The biologic effects of variable ventilation may depend on the etiology of acute respiratory distress syndrome. We compared variable and conventional ventilation in experimental pulmonary and extrapulmonary acute respiratory distress syndrome.

Design:

Prospective, randomized, controlled experimental study.

Settings:

University research laboratory.

Subjects:

Twenty-four Wistar rats.

Interventions:

Acute respiratory distress syndrome was induced by Escherichia coli lipopolysaccharide administered intratracheally (pulmonary acute respiratory distress syndrome, n = 12) or intraperitoneally (extrapulmonary acute respiratory distress syndrome, n = 12). After 24 hours, animals were randomly assigned to receive conventional (volume-controlled ventilation, n = 6) or variable ventilation (n = 6). Nonventilated animals (n = 4 per etiology) were used for comparison of diffuse alveolar damage, E-cadherin, and molecular biology variables. Variable ventilation was applied on a breath-to-breath basis as a sequence of randomly generated tidal volume values (n = 600; mean tidal volume = 6 mL/kg), with a 30% coefficient of variation (normal distribution). After randomization, animals were ventilated for 1 hour and lungs were removed for histology and molecular biology analysis.

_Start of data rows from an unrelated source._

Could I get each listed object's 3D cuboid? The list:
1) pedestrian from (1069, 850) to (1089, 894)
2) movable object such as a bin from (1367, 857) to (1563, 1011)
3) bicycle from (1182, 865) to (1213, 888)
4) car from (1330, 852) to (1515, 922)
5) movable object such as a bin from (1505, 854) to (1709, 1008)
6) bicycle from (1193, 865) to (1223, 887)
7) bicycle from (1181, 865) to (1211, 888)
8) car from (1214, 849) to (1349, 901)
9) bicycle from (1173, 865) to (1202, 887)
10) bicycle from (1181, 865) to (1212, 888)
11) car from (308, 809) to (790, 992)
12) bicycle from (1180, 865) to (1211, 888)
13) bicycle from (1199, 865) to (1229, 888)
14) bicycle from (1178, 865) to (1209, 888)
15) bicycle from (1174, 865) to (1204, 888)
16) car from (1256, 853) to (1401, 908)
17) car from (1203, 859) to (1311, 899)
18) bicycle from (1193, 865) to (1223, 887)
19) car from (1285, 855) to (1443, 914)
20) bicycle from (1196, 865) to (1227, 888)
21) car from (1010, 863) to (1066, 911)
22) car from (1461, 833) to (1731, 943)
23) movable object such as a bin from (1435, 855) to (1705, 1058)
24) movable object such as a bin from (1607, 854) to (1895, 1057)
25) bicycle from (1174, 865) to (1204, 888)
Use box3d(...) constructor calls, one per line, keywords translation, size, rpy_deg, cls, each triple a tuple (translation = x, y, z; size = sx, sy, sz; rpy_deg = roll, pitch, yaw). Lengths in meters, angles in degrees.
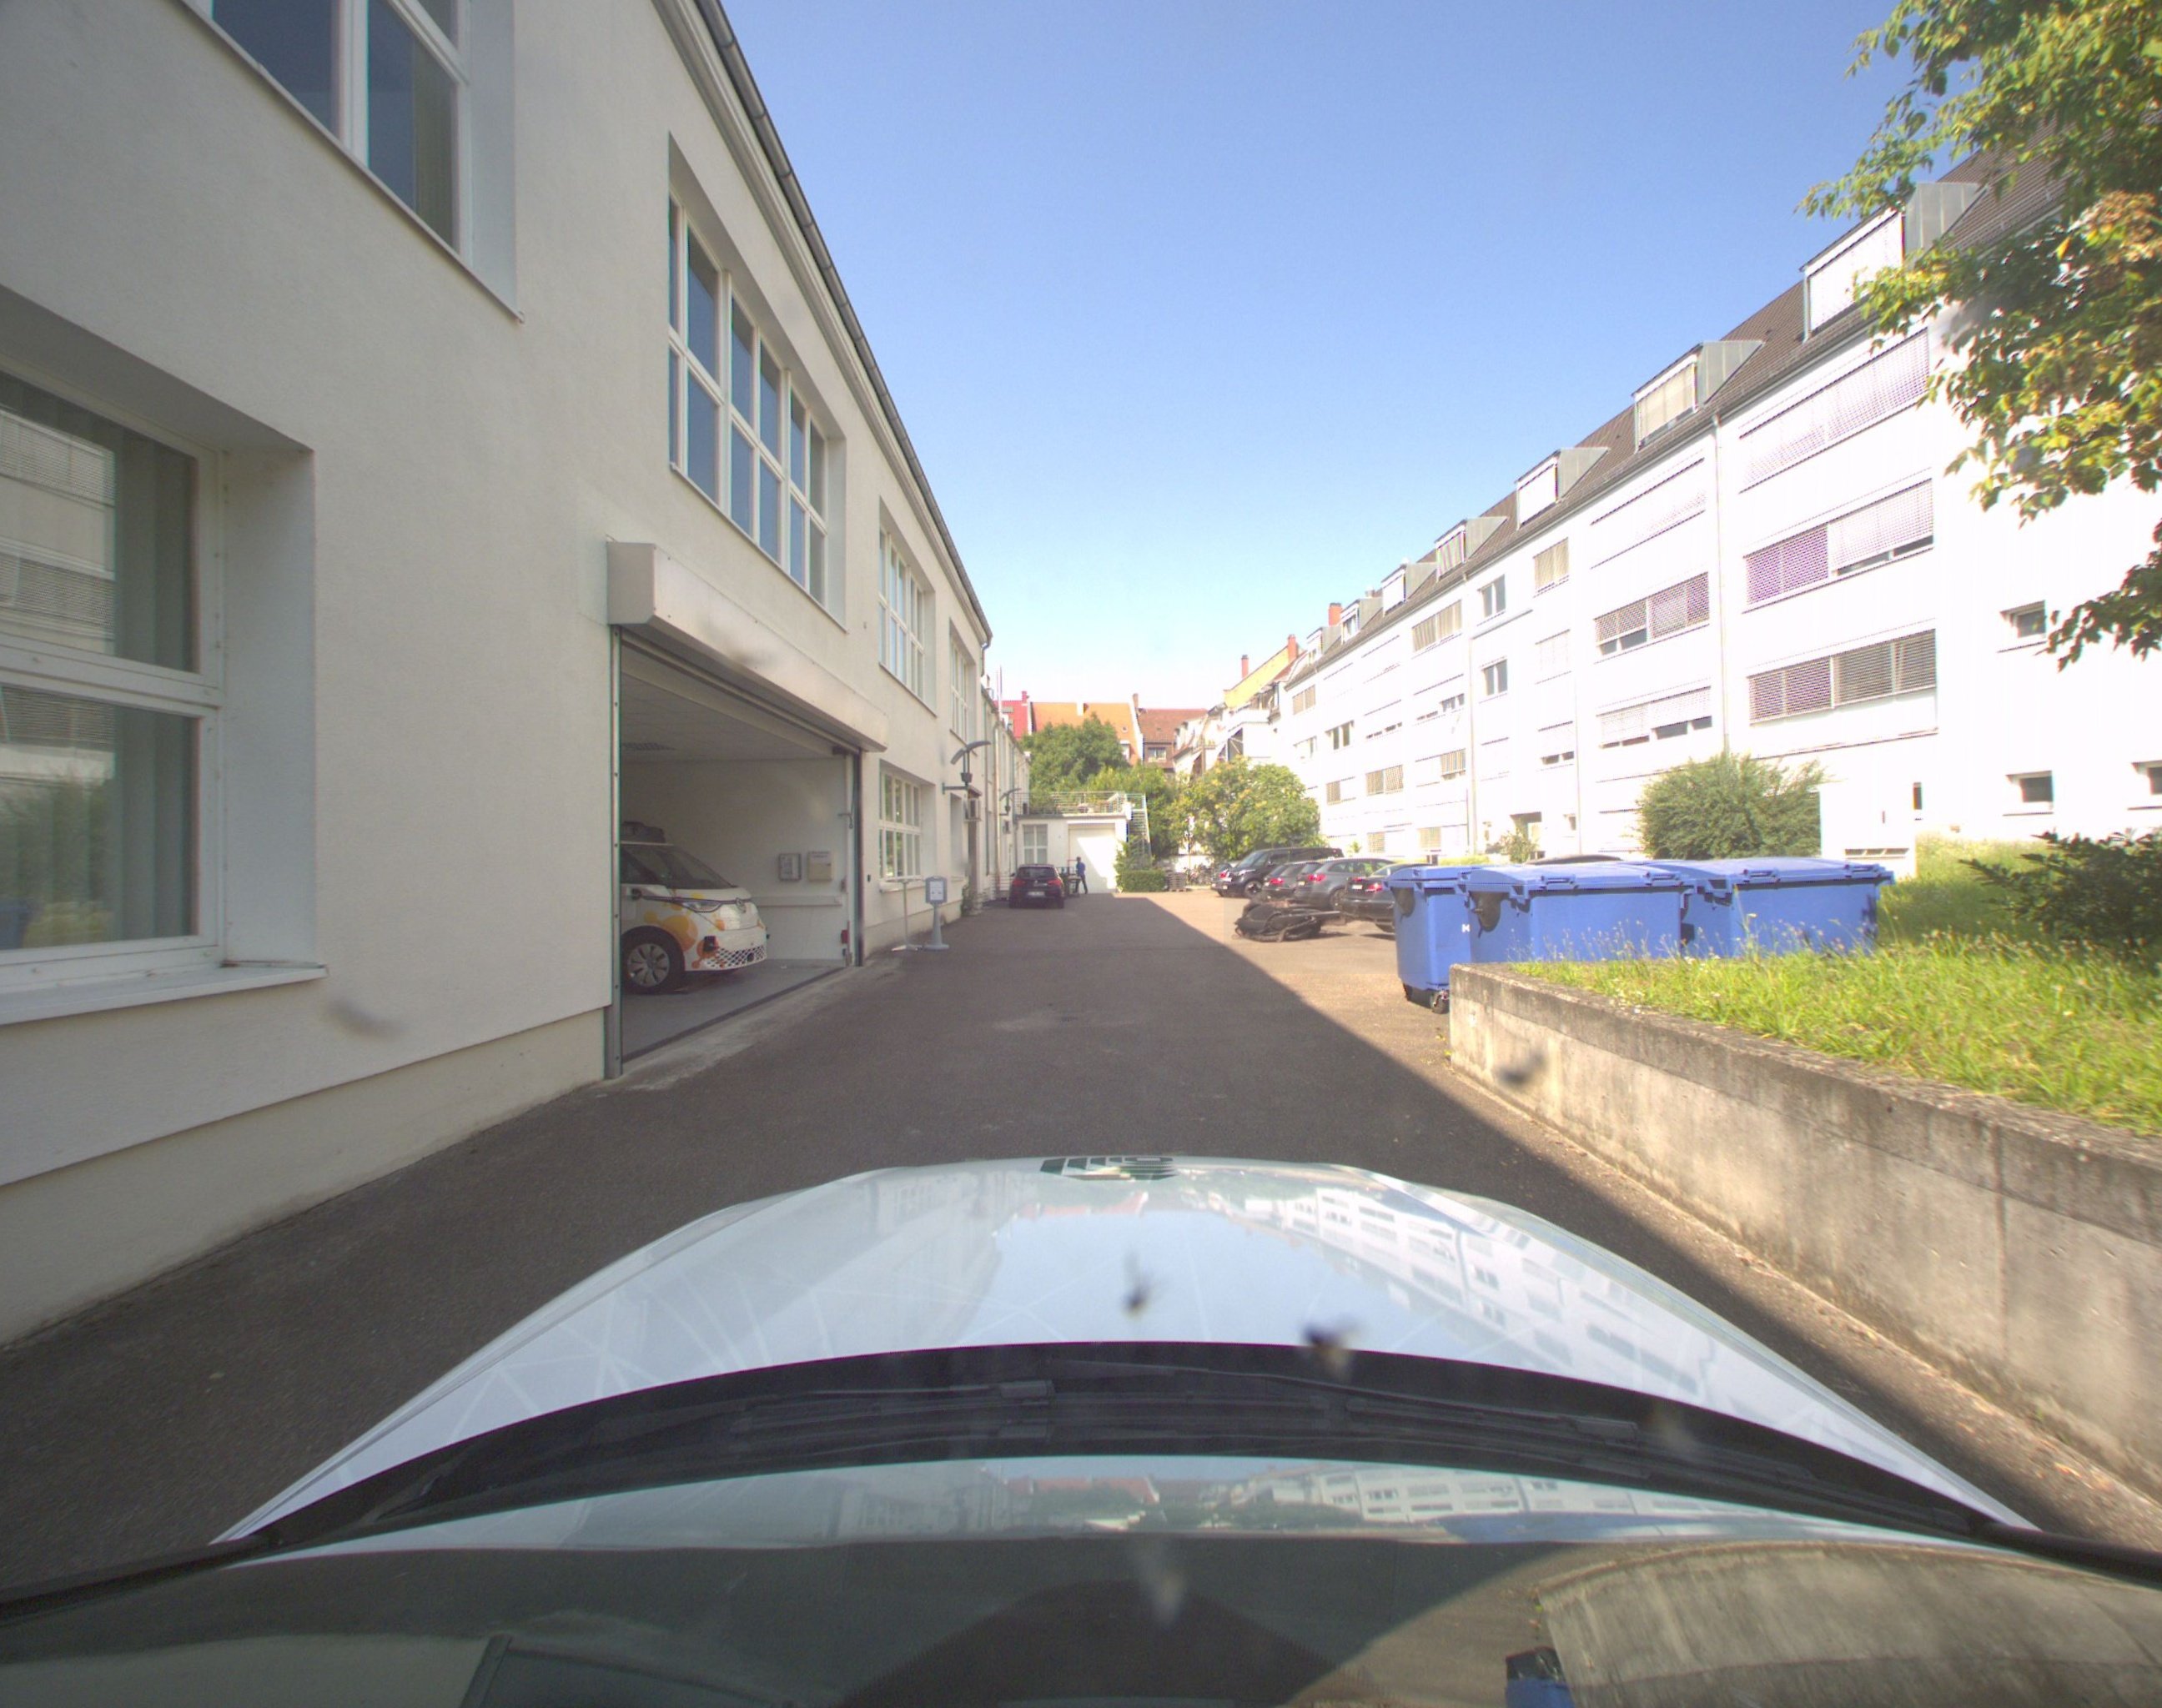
box3d(translation=(-0.072, 0.832, 38.009), size=(0.910, 2.014, 0.935), rpy_deg=(0, -2, 1), cls="pedestrian")
box3d(translation=(3.591, 0.720, 7.770), size=(1.296, 1.340, 1.194), rpy_deg=(0, -2, 0), cls="movable object such as a bin")
box3d(translation=(6.310, 1.226, 44.240), size=(1.617, 1.214, 0.327), rpy_deg=(-2, -1, 2), cls="bicycle")
box3d(translation=(8.351, 0.784, 20.113), size=(3.798, 1.589, 1.891), rpy_deg=(0, -2, -9), cls="car")
box3d(translation=(4.912, 0.691, 7.725), size=(1.229, 1.340, 1.118), rpy_deg=(-1, -2, 4), cls="movable object such as a bin")
box3d(translation=(7.230, 1.268, 46.318), size=(1.612, 1.214, 0.425), rpy_deg=(-2, -1, 13), cls="bicycle")
box3d(translation=(6.286, 1.233, 44.534), size=(1.617, 1.214, 0.327), rpy_deg=(-2, -1, 2), cls="bicycle")
box3d(translation=(7.419, 0.777, 30.346), size=(4.499, 1.794, 1.877), rpy_deg=(-1, -2, -9), cls="car")
box3d(translation=(6.178, 1.299, 47.262), size=(1.620, 1.214, 0.423), rpy_deg=(-2, -1, -5), cls="bicycle")
box3d(translation=(6.239, 1.219, 43.919), size=(1.617, 1.214, 0.327), rpy_deg=(-2, -1, 2), cls="bicycle")
box3d(translation=(-6.465, 0.553, 10.374), size=(4.730, 2.093, 2.055), rpy_deg=(0, -2, 0), cls="car")
box3d(translation=(6.328, 1.243, 44.985), size=(1.613, 1.214, 0.328), rpy_deg=(-2, -1, 10), cls="bicycle")
box3d(translation=(7.328, 1.232, 44.881), size=(1.611, 1.214, 0.328), rpy_deg=(-2, -1, 15), cls="bicycle")
box3d(translation=(6.256, 1.252, 45.349), size=(1.611, 1.214, 0.328), rpy_deg=(-2, -1, 13), cls="bicycle")
box3d(translation=(6.080, 1.271, 46.026), size=(1.618, 1.214, 0.424), rpy_deg=(-2, -1, -1), cls="bicycle")
box3d(translation=(7.872, 0.841, 26.138), size=(4.106, 1.692, 1.769), rpy_deg=(0, -2, -3), cls="car")
box3d(translation=(7.135, 1.008, 33.227), size=(3.931, 1.482, 1.769), rpy_deg=(-1, -2, -9), cls="car")
box3d(translation=(7.389, 1.291, 47.343), size=(1.612, 1.214, 0.425), rpy_deg=(-2, -1, 13), cls="bicycle")
box3d(translation=(8.021, 0.852, 23.317), size=(3.855, 1.589, 1.876), rpy_deg=(0, -1, -5), cls="car")
box3d(translation=(7.323, 1.253, 45.740), size=(1.611, 1.214, 0.425), rpy_deg=(-2, -1, 13), cls="bicycle")
box3d(translation=(-1.367, 1.065, 27.227), size=(1.683, 1.459, 3.921), rpy_deg=(0, -1, -1), cls="car")
box3d(translation=(9.065, 0.590, 14.555), size=(3.609, 1.545, 1.801), rpy_deg=(-5, -1, -2), cls="car")
box3d(translation=(3.526, 0.697, 6.018), size=(1.306, 1.340, 1.099), rpy_deg=(0, -2, -3), cls="movable object such as a bin")
box3d(translation=(4.853, 0.685, 6.007), size=(1.224, 1.340, 1.075), rpy_deg=(0, -2, -4), cls="movable object such as a bin")
box3d(translation=(6.174, 1.285, 46.660), size=(1.620, 1.214, 0.423), rpy_deg=(-2, -1, -5), cls="bicycle")

Measurements and Main Results:

Variable ventilation improved oxygenation and reduced lung elastance compared with volume-controlled ventilation in both acute respiratory distress syndrome etiologies. In pulmonary acute respiratory distress syndrome, but not in extrapulmonary acute respiratory distress syndrome, variable ventilation 1) decreased total diffuse alveolar damage (median [interquartile range]: volume-controlled ventilation, 12 [11–17] vs variable ventilation, 9 [8–10]; p < 0.01), interleukin-6 expression (volume-controlled ventilation, 21.5 [18.3–23.3] vs variable ventilation, 5.6 [4.6–12.1]; p < 0.001), and angiopoietin-2/angiopoietin-1 ratio (volume-controlled ventilation, 2.0 [1.3–2.1] vs variable ventilation, 0.7 [0.6–1.4]; p < 0.05) and increased relative angiopoietin-1 expression (volume-controlled ventilation, 0.3 [0.2–0.5] vs variable ventilation, 0.8 [0.5–1.3]; p < 0.01). In extrapulmonary acute respiratory distress syndrome, only volume-controlled ventilation increased vascular cell adhesion molecule-1 messenger RNA expression (volume-controlled ventilation, 7.7 [5.7–18.6] vs nonventilated, 0.9 [0.7–1.3]; p < 0.05). E-cadherin expression in lung tissue was reduced in volume-controlled ventilation compared with nonventilated regardless of acute respiratory distress syndrome etiology. In pulmonary acute respiratory distress syndrome, E-cadherin expression was similar in volume-controlled ventilation and variable ventilation; in extrapulmonary acute respiratory distress syndrome, however, it was higher in variable ventilation than in volume-controlled ventilation.

Conclusions:

Variable ventilation improved lung function in both pulmonary acute respiratory distress syndrome and extrapulmonary acute respiratory distress syndrome. Variable ventilation led to more pronounced beneficial effects in biologic marker expressions in pulmonary acute respiratory distress syndrome compared with extrapulmonary acute respiratory distress syndrome but preserved E-cadherin in lung tissue only in extrapulmonary acute respiratory distress syndrome, thus suggesting lower damage to epithelial cells.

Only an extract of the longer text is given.